5. Optionally, do one of the following:
• Click Load to browse to and select a Settings file (.ini file) to convert the files based on the saved settings in the file.
• In the Settings pane, click Default Settings to automatically select the quality settings that SoftGenetics has determined, from experience, are appropriate for the file type that is being converted.
• In the Settings pane, select the options for filtering and trimming low quality reads.
Option | Description |
|---|---|
Median score threshold >= [20] | Selected by default. Removes entire reads from the sample file when the median quality score is below the specified threshold. |
Max # of uncalled bases <= [3] | Selected by default. Remove entire reads from the sample file when the contains more N calls then specified. |
Called base number of each read >= [25] | Selected by default. Trims low quality bases from reads when a consecutive number of bases (“x”) falls below the specified qualify score threshold (“y”). Note: If Trimming is also selected, then the called base number that is used for this function is the number of bases that remain after trimming. |
Trim or reject read when >= [3] base(s) with score <= [16] | Selected by default. Trims low quality based from reds when a consecutive number of bases (“x”) falls below the specified quality score threshold (“y”). Note: For additional information about how this option works, see Trim or Reject Read While >= [x] Bases with Score <= [y]. |
Paired read data | Available only if paired read data is being analyzed. Select this option if you are converting a mate-paired or paired-end files. NextGENe uses a placeholder “N” for reads that are removed because of low quality, which is necessary to maintain mate-paired or paired-end read information. |
Remove 5’ [2] bases and 3’ [4] bases | Trims the specified number of bases from the 5’ and/0r 3’ ends. |
Keep only bases [0] to [0] | Trims the reads to keep the only the specified portion of the read. |
Trim by sequences | Select this option to trim reads where the specified sequence occurs. See Trim by Sequences. |
Trim by sequences in file | Select this option and then click the Browse button load a tab-delimited text file that contains the sequences by which the reads are to be trimmed. See Trim by Sequences in the File. |
Custom linker | Applicable only for mate-paired Roche data or mate-paired Ion Torrent data where both pairs are located in the same read. Select this option if you used a custom linker. NextGENe automatically detects the standard linker sequences. |
 | Even if you select the options by which to filter and trim low quality reads, at any time, you can click Default Settings to clear your options and replace them with the preset values from SoftGenetics. |
6. Optionally, before you process the files, click Save to save the settings that you have specified to a Settings file (.ini file).
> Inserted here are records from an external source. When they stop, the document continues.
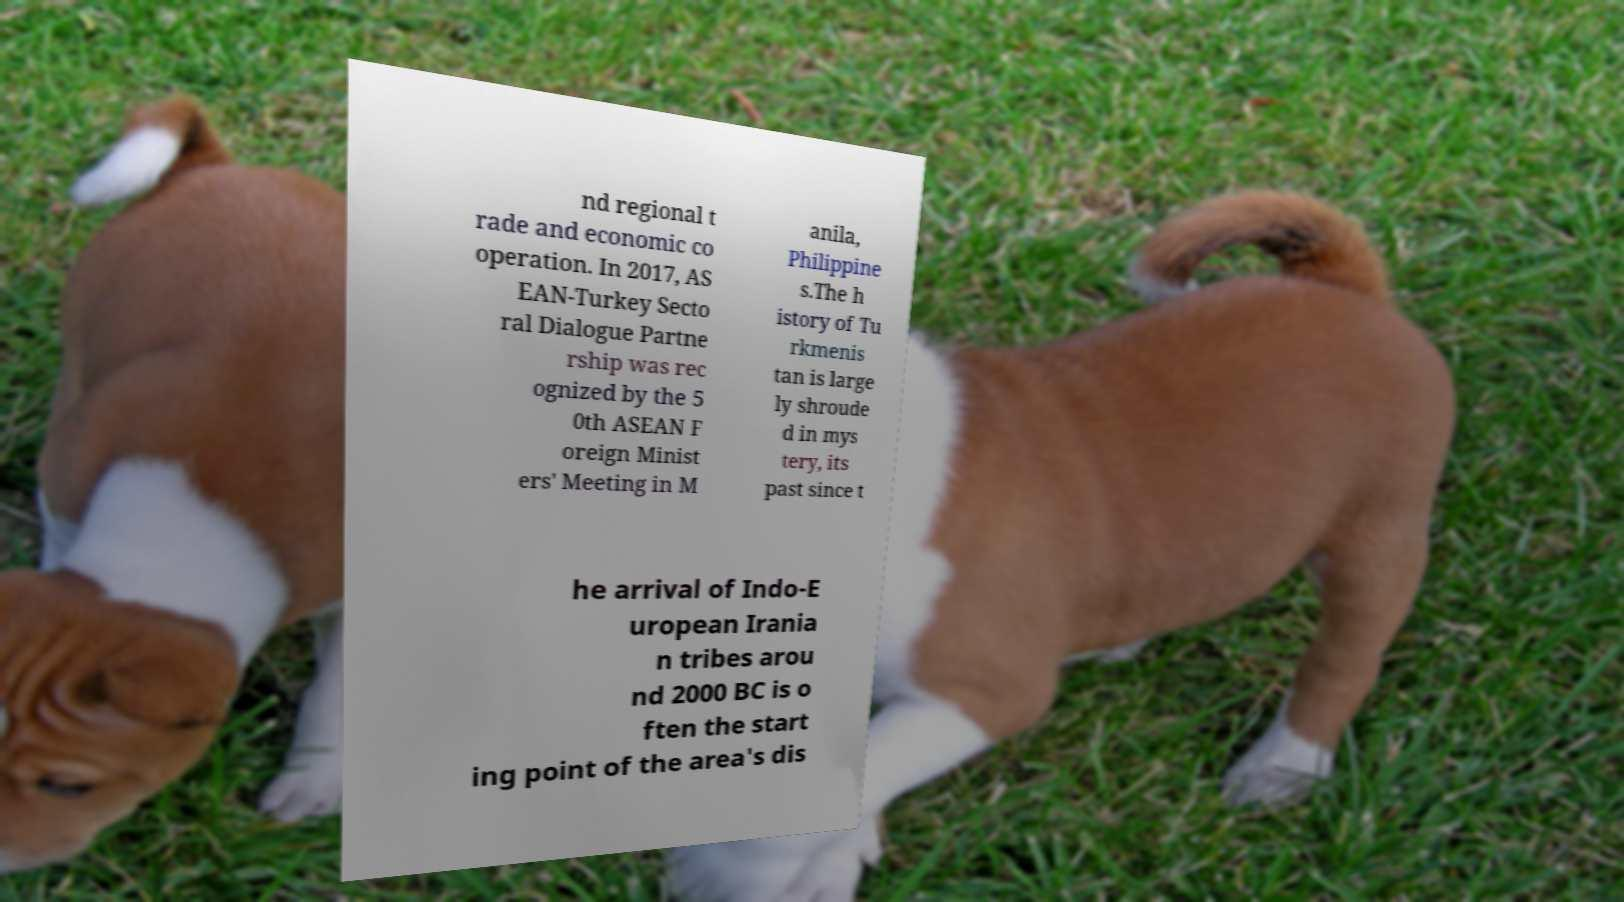For documentation purposes, I need the text within this image transcribed. Could you provide that? nd regional t rade and economic co operation. In 2017, AS EAN-Turkey Secto ral Dialogue Partne rship was rec ognized by the 5 0th ASEAN F oreign Minist ers' Meeting in M anila, Philippine s.The h istory of Tu rkmenis tan is large ly shroude d in mys tery, its past since t he arrival of Indo-E uropean Irania n tribes arou nd 2000 BC is o ften the start ing point of the area's dis 
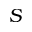<formula> <loc_0><loc_0><loc_500><loc_500>S</formula> 
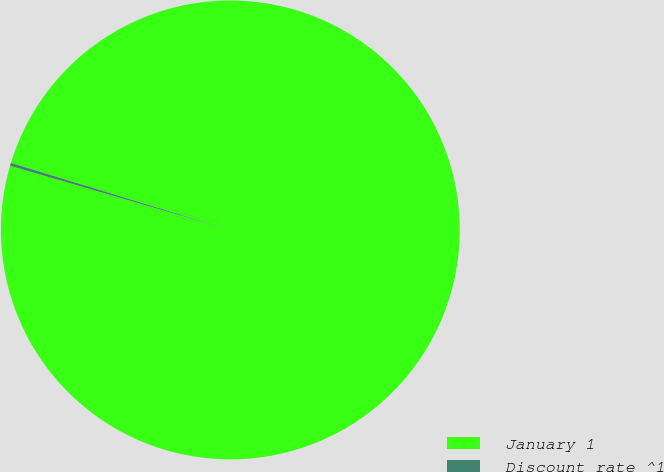Convert chart. <chart><loc_0><loc_0><loc_500><loc_500><pie_chart><fcel>January 1<fcel>Discount rate ^1<nl><fcel>99.79%<fcel>0.21%<nl></chart>

| | You can always load this file at a later date and process other data files according to the saved settings in the file. |
7. Do one of the following:
• Click Add Job to save this job, and open another tab for a file conversion. Repeat this step to add all needed conversion jobs, and then click OK to run the jobs in the order in which you created them. The converted files are saved in the directory that you specified in Step 4.
• Click OK to immediately run this job. The converted file is saved in the directory that you specified in Step 4.